● WORK REQUIRED
Write out again each line of the material below, unchanged, from the first one to the line that holds "2D boxes in".

● DATA EXTRACT
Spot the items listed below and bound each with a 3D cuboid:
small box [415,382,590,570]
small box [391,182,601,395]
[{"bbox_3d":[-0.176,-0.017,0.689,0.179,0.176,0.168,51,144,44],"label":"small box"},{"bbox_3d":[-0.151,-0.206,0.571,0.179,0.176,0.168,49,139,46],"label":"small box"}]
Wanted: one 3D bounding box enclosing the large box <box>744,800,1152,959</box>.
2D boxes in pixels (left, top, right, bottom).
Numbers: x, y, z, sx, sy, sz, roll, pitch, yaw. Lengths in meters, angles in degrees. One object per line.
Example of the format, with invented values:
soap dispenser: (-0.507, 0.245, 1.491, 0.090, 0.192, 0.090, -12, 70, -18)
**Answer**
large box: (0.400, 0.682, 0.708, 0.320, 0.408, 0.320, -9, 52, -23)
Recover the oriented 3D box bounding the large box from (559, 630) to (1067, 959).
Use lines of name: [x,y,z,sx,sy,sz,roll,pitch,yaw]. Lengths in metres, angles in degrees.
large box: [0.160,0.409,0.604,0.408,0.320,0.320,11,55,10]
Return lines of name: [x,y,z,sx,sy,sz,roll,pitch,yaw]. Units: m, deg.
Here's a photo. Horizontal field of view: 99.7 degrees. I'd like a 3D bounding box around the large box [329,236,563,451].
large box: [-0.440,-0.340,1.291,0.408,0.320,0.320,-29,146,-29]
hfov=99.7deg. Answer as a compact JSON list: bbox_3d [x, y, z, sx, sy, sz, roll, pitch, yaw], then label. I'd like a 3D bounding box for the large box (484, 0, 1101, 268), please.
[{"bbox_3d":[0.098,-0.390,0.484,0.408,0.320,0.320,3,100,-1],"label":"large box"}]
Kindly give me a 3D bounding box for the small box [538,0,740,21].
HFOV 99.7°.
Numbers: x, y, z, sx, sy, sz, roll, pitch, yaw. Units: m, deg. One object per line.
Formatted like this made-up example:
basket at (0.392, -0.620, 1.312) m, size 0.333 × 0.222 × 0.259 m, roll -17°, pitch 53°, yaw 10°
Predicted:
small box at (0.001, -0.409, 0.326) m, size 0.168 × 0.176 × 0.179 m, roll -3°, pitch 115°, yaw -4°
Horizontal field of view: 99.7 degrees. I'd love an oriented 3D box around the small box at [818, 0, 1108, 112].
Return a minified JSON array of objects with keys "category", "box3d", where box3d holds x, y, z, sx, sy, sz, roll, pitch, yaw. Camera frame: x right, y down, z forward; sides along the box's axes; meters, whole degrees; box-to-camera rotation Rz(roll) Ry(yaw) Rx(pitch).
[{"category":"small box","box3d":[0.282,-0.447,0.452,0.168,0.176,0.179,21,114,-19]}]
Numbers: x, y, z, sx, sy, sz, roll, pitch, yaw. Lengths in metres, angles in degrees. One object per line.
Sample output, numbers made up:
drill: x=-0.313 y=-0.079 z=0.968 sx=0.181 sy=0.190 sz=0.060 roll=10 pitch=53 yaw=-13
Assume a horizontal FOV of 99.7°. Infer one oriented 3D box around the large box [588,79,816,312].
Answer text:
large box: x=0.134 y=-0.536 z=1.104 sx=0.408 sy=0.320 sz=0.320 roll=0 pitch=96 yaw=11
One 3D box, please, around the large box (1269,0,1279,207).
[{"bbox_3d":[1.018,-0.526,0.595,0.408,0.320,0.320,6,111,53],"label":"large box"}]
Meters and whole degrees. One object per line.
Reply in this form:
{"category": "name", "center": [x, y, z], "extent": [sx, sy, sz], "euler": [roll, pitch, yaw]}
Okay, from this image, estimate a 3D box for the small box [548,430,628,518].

● SOLVED EXERCISE
Spot the items listed below and bound each with a 3D cuboid:
small box [415,382,590,570]
small box [391,182,601,395]
[{"bbox_3d":[-0.176,-0.017,0.689,0.179,0.176,0.168,51,144,44],"label":"small box"},{"bbox_3d":[-0.151,-0.206,0.571,0.179,0.176,0.168,49,139,46],"label":"small box"}]
Wanted: one 3D bounding box enclosing the large box <box>744,800,1152,959</box>.
2D boxes in pixels (left, top, right, bottom).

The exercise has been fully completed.